Forum Moderators: phranque

Message Too Old, No Replies

Setting up Extensionless URLs with htaccess in MAMP

getting error

         

Lorel

6:17 pm on Oct 30, 2014 (gmt 0)

WebmasterWorld Senior Member 10+ Year Member Top Contributors Of The Month



I started a similar thread back in Jan on the same subject but that website got put on hold. I'm now working on another website and recently started another thread on how to install and MAMP.
I'm using some of info from the original thread, plus what I learned from the installing Mamp thread.

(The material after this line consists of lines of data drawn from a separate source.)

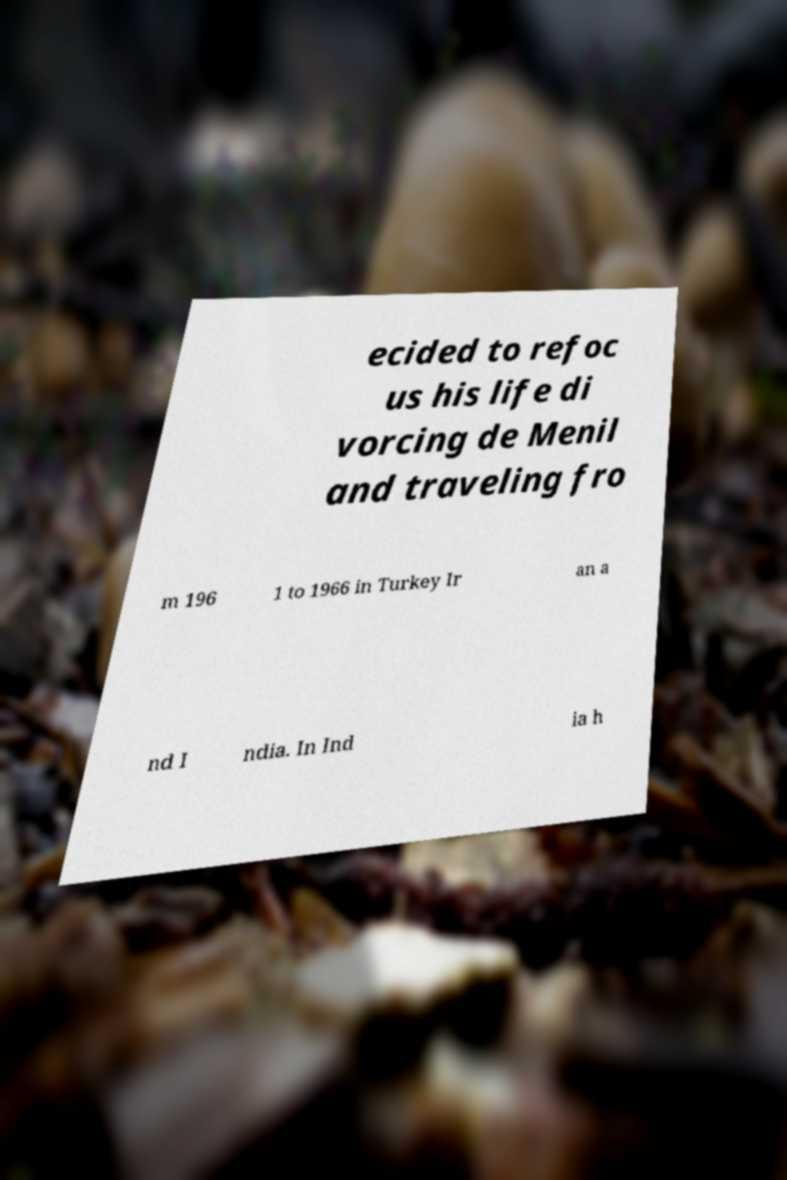I need the written content from this picture converted into text. Can you do that? ecided to refoc us his life di vorcing de Menil and traveling fro m 196 1 to 1966 in Turkey Ir an a nd I ndia. In Ind ia h 
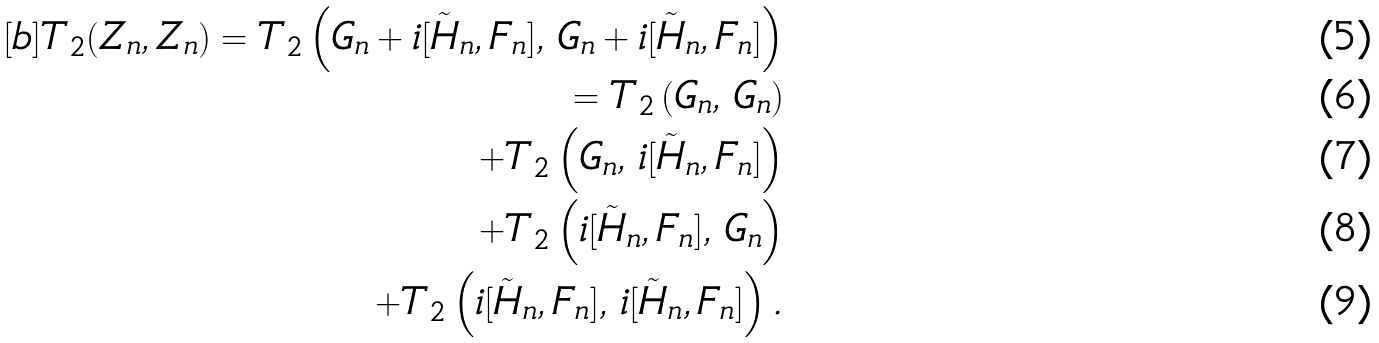Convert formula to latex. <formula><loc_0><loc_0><loc_500><loc_500>[ b ] T _ { 2 } ( Z _ { n } , Z _ { n } ) = T _ { 2 } \left ( G _ { n } + i [ \tilde { H } _ { n } , F _ { n } ] , \, G _ { n } + i [ \tilde { H } _ { n } , F _ { n } ] \right ) \\ = T _ { 2 } \left ( G _ { n } , \, G _ { n } \right ) \\ + T _ { 2 } \left ( G _ { n } , \, i [ \tilde { H } _ { n } , F _ { n } ] \right ) \\ + T _ { 2 } \left ( i [ \tilde { H } _ { n } , F _ { n } ] , \, G _ { n } \right ) \\ + T _ { 2 } \left ( i [ \tilde { H } _ { n } , F _ { n } ] , \, i [ \tilde { H } _ { n } , F _ { n } ] \right ) .</formula> 
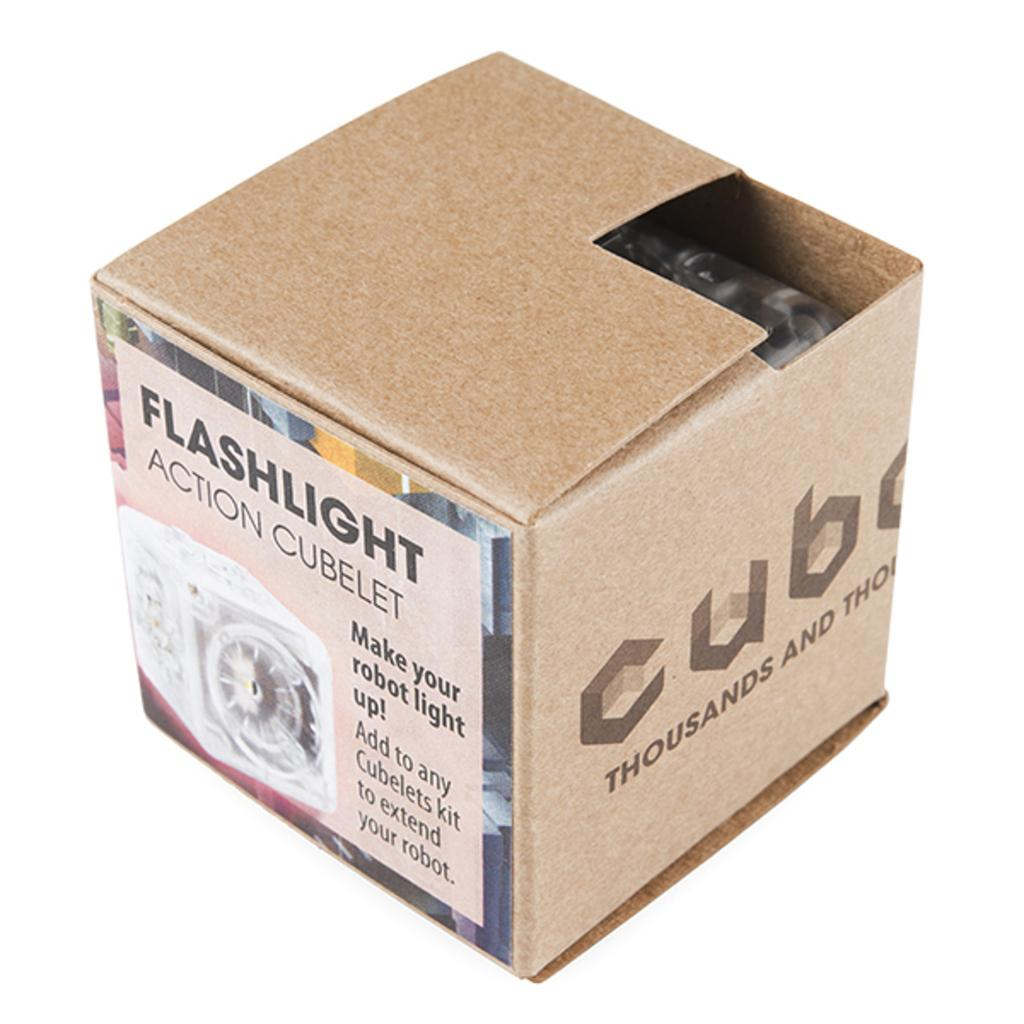Provide a one-sentence caption for the provided image. A box with a label for a flashlight on the side is partially open. 
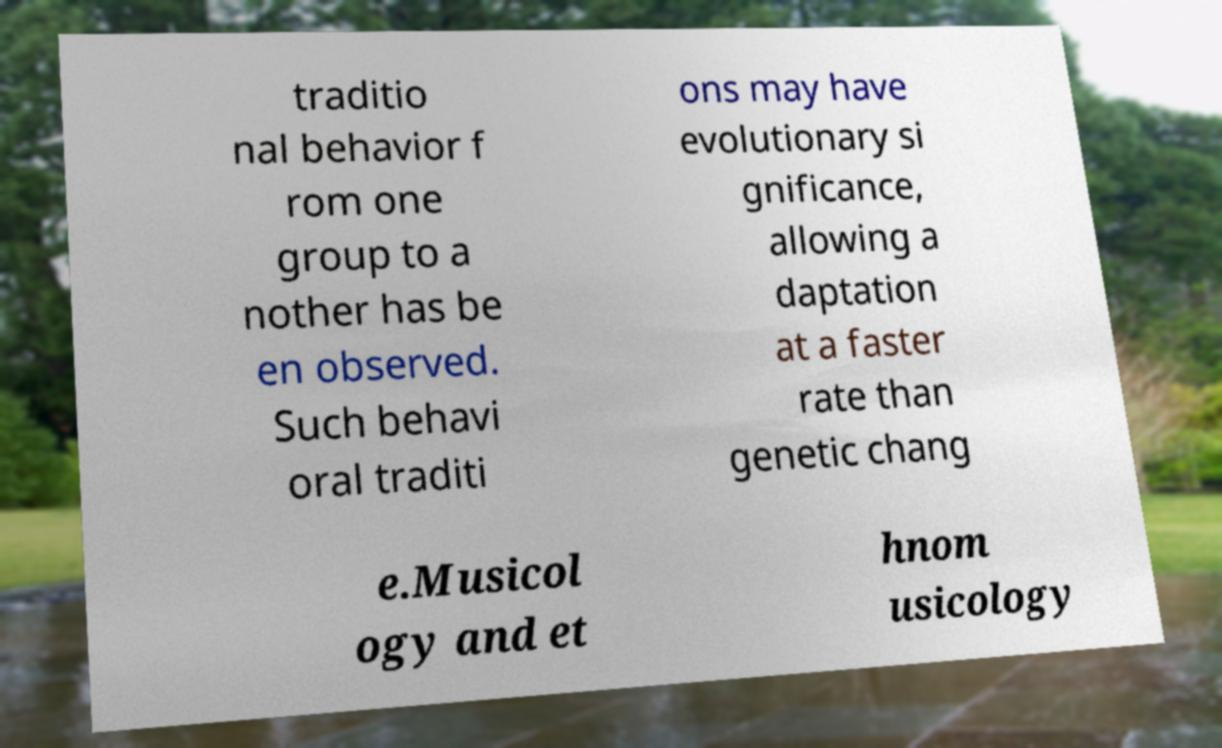Please read and relay the text visible in this image. What does it say? traditio nal behavior f rom one group to a nother has be en observed. Such behavi oral traditi ons may have evolutionary si gnificance, allowing a daptation at a faster rate than genetic chang e.Musicol ogy and et hnom usicology

I left the extensions on the file names.

All links are relative.

On the home page I took the extension off one page I'm using for a test. I left the slash off the end but also tested it with the slash on. when I mouse over it in the browser it shows up estensionless but it throws server not found error if I open the page.

I have MAMP installed and I can open pages of the website within Mamp. I also loaded htaccess so the includes would work (for header, etc).

The only other thing I have in htaccess is for extensionless urls (see below). I've tried several settings for the rewrite URL, as mentioned in previous threads, and so far nothing is working.

here is what is currently in htaccess:

(I understand I need to change example.com to the domain once I load it onto the web server)

---------------------

ErrorDocument 404 /missing.htm
AddHandler server-parsed .htm
#
Options +Includes
Options +FollowSymLinks
RewriteEngine on
#
RewriteBase /
#RewriteBase /example.com/
# check for file not existing
RewriteCond %{REQUEST_FILENAME} !-f
# check for directory not existing
RewriteCond %{REQUEST_FILENAME} !-d
# check for filename not ending in .htm to avoid looping
RewriteCond %{REQUEST_FILENAME} !\.htm$
# if the above conditions are met of no matching file, dir or htm file
# then rewrite to a .htm file
RewriteRule ^(([^./]+/)*[^./])$ /$1.htm [L]

---------------------

I get ERROR MESSAGE: Server not found

It was suggested in the earlier thread that I should use Live http headers in Firefox. Here is the last input from trying to access the page.

---------------------

[ajax.googleapis.com...]

GET /ajax/libs/jquery/1.6.2/jquery.min.js HTTP/1.1
Host: ajax.googleapis.com
User-Agent: Mozilla/5.0 (Macintosh; Intel Mac OS X 10.7; rv:33.0) Gecko/20100101 Firefox/33.0
Accept: */*
Accept-Language: en-US,en;q=0.5
Accept-Encoding: gzip, deflate
Connection: keep-alive
If-Modified-Since: Mon, 02 Apr 2012 18:24:28 GMT
Cache-Control: max-age=0

HTTP/1.1 304 Not Modified
Date: Thu, 30 Oct 2014 07:51:32 GMT
Expires: Fri, 30 Oct 2015 07:51:32 GMT
Age: 37970
Server: GFE/2.0
Alternate-Protocol: 80:quic,p=0.01

---------------------

Can anyone see what might be wrong?

not2easy

6:29 am on Nov 7, 2014 (gmt 0)

WebmasterWorld Administrator 10+ Year Member Top Contributors Of The Month



I was wondering why the WP htaccess doesn't use a rule to add a slash so I checked the live site and it has a slash on the end of each link.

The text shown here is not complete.